## Task item
I would like you to output every record below exactly, apart from the pictures.

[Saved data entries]
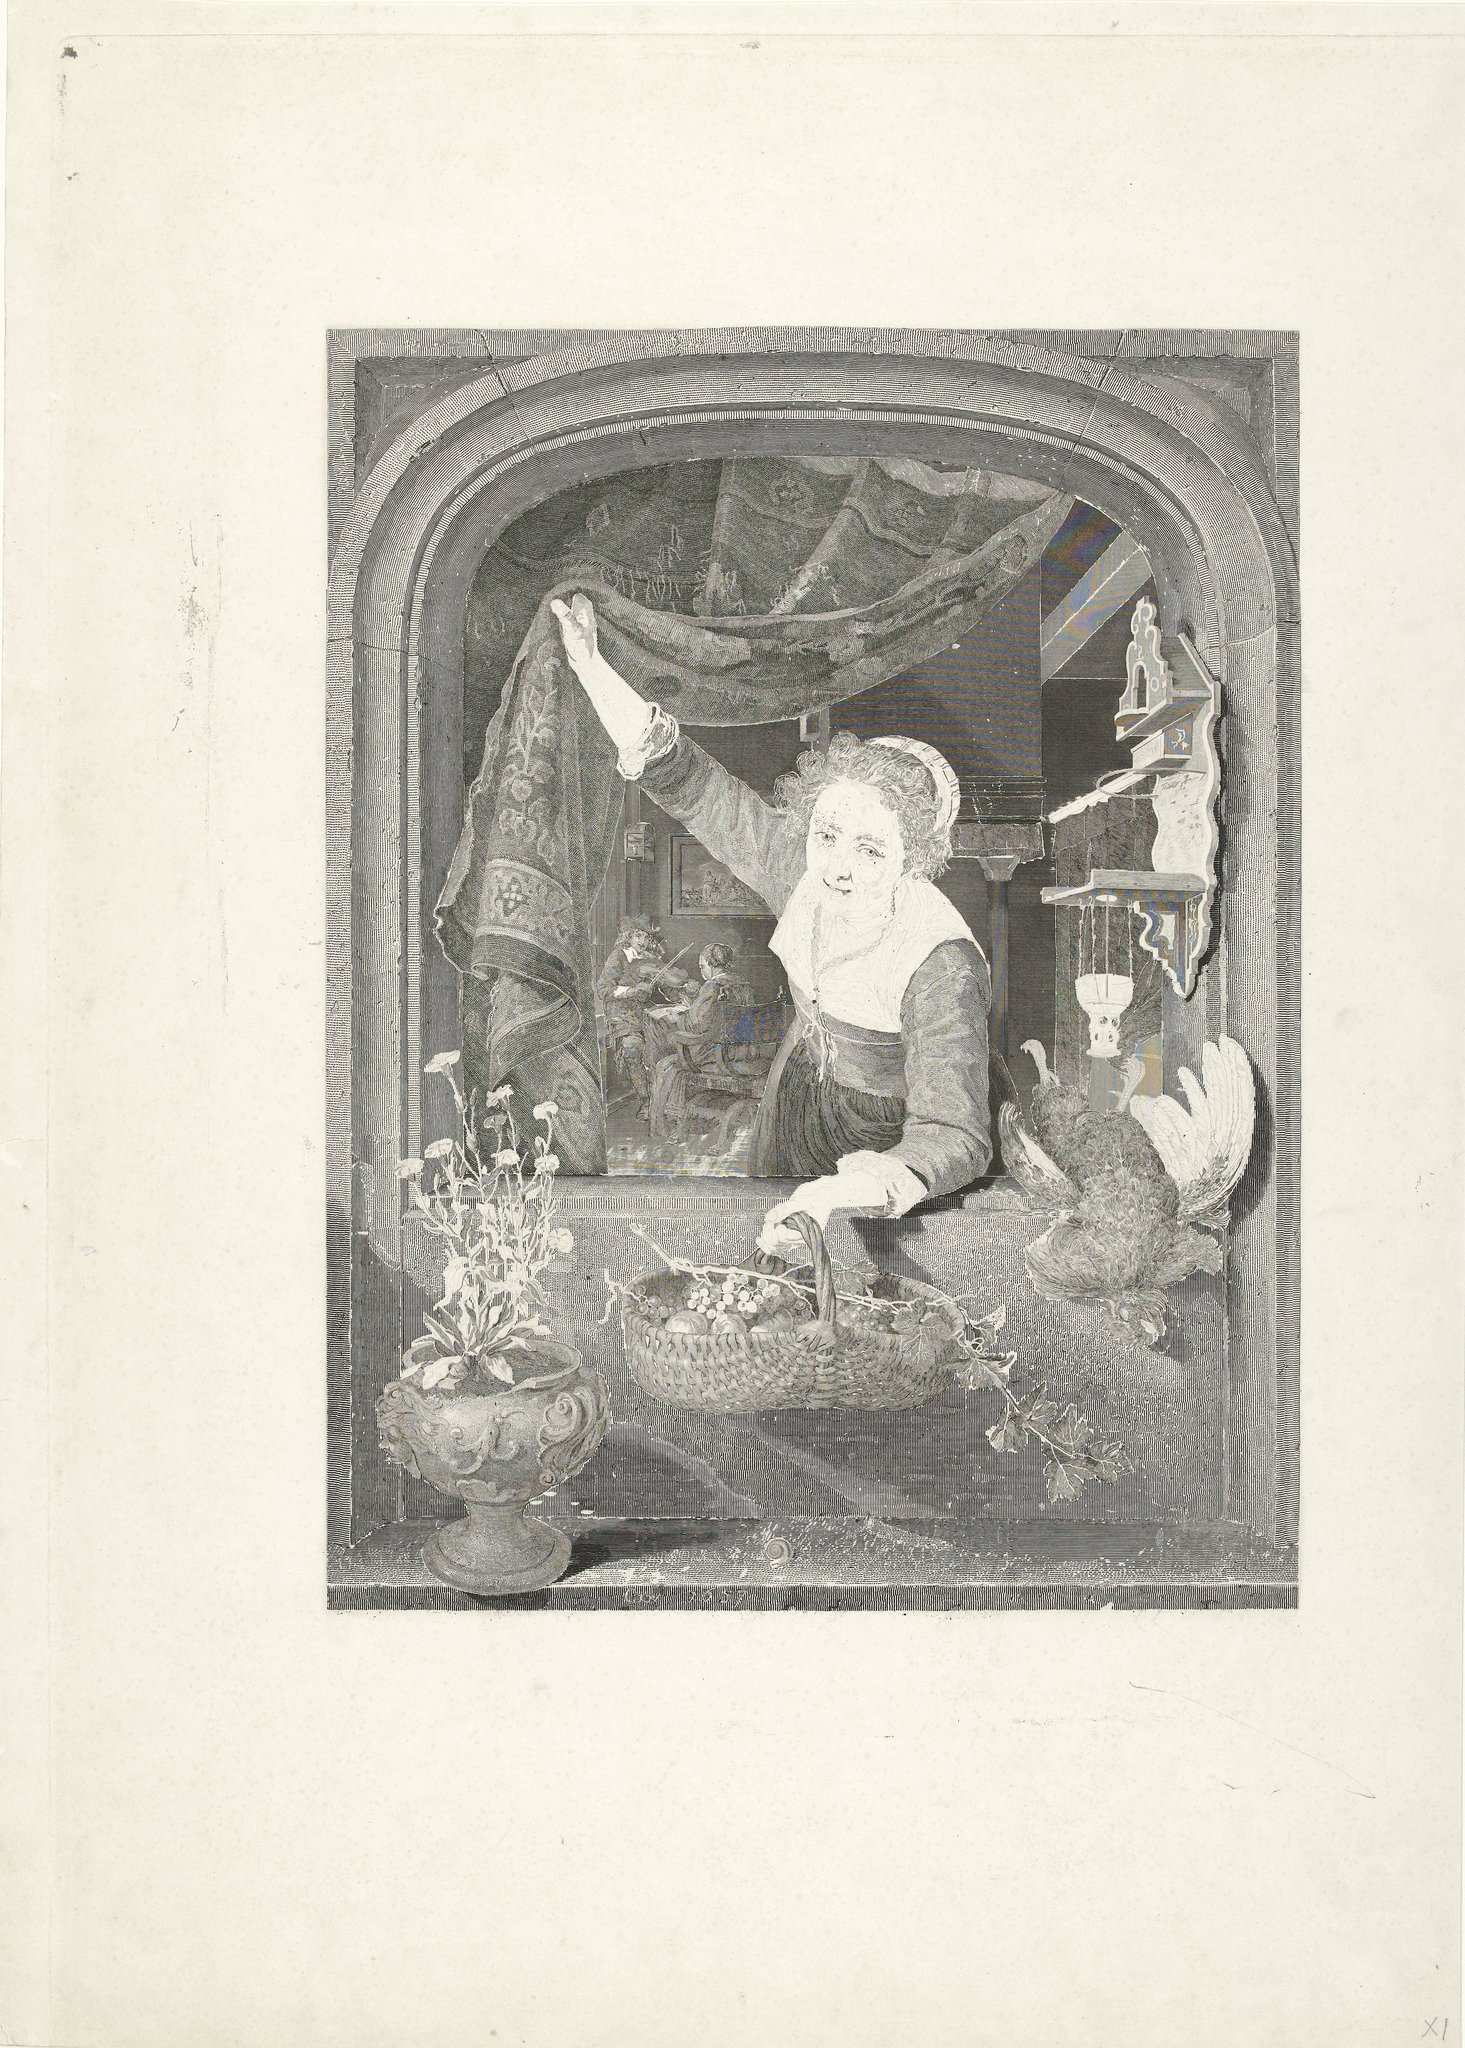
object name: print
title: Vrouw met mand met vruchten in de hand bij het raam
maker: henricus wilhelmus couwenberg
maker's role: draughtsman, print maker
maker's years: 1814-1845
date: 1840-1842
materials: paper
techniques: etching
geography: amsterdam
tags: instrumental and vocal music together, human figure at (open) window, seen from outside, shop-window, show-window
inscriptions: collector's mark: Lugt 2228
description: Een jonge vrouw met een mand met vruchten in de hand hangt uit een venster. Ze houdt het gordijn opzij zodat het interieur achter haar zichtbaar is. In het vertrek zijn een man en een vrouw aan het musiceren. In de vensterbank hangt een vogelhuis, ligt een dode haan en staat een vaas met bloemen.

## The answer
object name: print
title: Vrouw met mand met vruchten in de hand bij het raam
maker: henricus wilhelmus couwenberg
maker's role: draughtsman, print maker
maker's years: 1814-1845
date: 1840-1842
materials: paper
techniques: etching
geography: amsterdam
tags: instrumental and vocal music together, human figure at (open) window, seen from outside, shop-window, show-window
inscriptions: collector's mark: Lugt 2228
description: Een jonge vrouw met een mand met vruchten in de hand hangt uit een venster. Ze houdt het gordijn opzij zodat het interieur achter haar zichtbaar is. In het vertrek zijn een man en een vrouw aan het musiceren. In de vensterbank hangt een vogelhuis, ligt een dode haan en staat een vaas met bloemen.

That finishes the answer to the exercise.